What’s the best way for start-ups to approach entrepreneurs for help?
My favourite and most powerful opening question when looking for help is as follows, “Please treat me like the idiot, the beginner I am, I understand you are experienced in / expert in XYZ and what I am trying to understand is the best way to get whatever challenge of the learning moment sorted.”
I have never been let down when I ask someone to share their valuable time using humility and respect, and being all ears in the process whilst writing notes and then sense checking against 3 other “experts” before coming to my own conclusions. Apply the three sense check rule, than make a decisions on your own learnings and guts feel and you will not go far wrong. I may be much older now but the process still applies today.
What sort of guidance do you think startups can ask of entrepreneurs?
Anything that is relevant to that particular individuals experience. I think it’s also important to be involved in enterprise clubs like Supper Club or E2E exchange or Vistage, or The Academy of Chief Executives, whichever flavour of learning and development gives you a network of good people to share problems and solve challenges with. I made the mistake of not joining such an organisation soon enough and have since found them priceless for my continued business education.

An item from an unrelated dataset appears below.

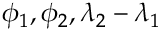<formula> <loc_0><loc_0><loc_500><loc_500>\phi _ { 1 } , \phi _ { 2 } , \lambda _ { 2 } - \lambda _ { 1 }</formula>

The biggest problem our readers have is accessing funding for their start-ups. So many readers simply don’t have the time or know-how for in-depth crowdfunding or angel investor pitches. What advice can you give start-ups in this position?
There is no such excuse as not having the time. Time is a matter of the priorities you need to make but fundamentally I remain horrified and disappointed that we still have business leaders running companies whom do not put in the vital time and attention they should to their own company finances.
Companies with hundreds of thousands in turn-over will fail ultimately as they make the wrong stock order decisions not knowing what cash is available. These companies often complain banks do not lend when the bank itself cannot lend without facts like a cash flow and balance sheet showing the owner has a grasp of making the right commercial investment and reinvestment decisions when taking risks in growth.
Funding is out there, banks will loan to good bets as they have the cheapest rates for finance, so we should go to them first and any other source funding next. Entrepreneurs also need to learn that at some stage, if they believe their idea is so very good, then they themselves have to back it with assets on the right occasions. If you’re not willing to bank on your idea why should a stranger? There is a mass of information now also available on support to get the right pack together for crowd funding and to get investor pitches right, it is about making the effort and applying yourself, like all the development stages of a growth business – another hurdle to leap and move forward with new skills.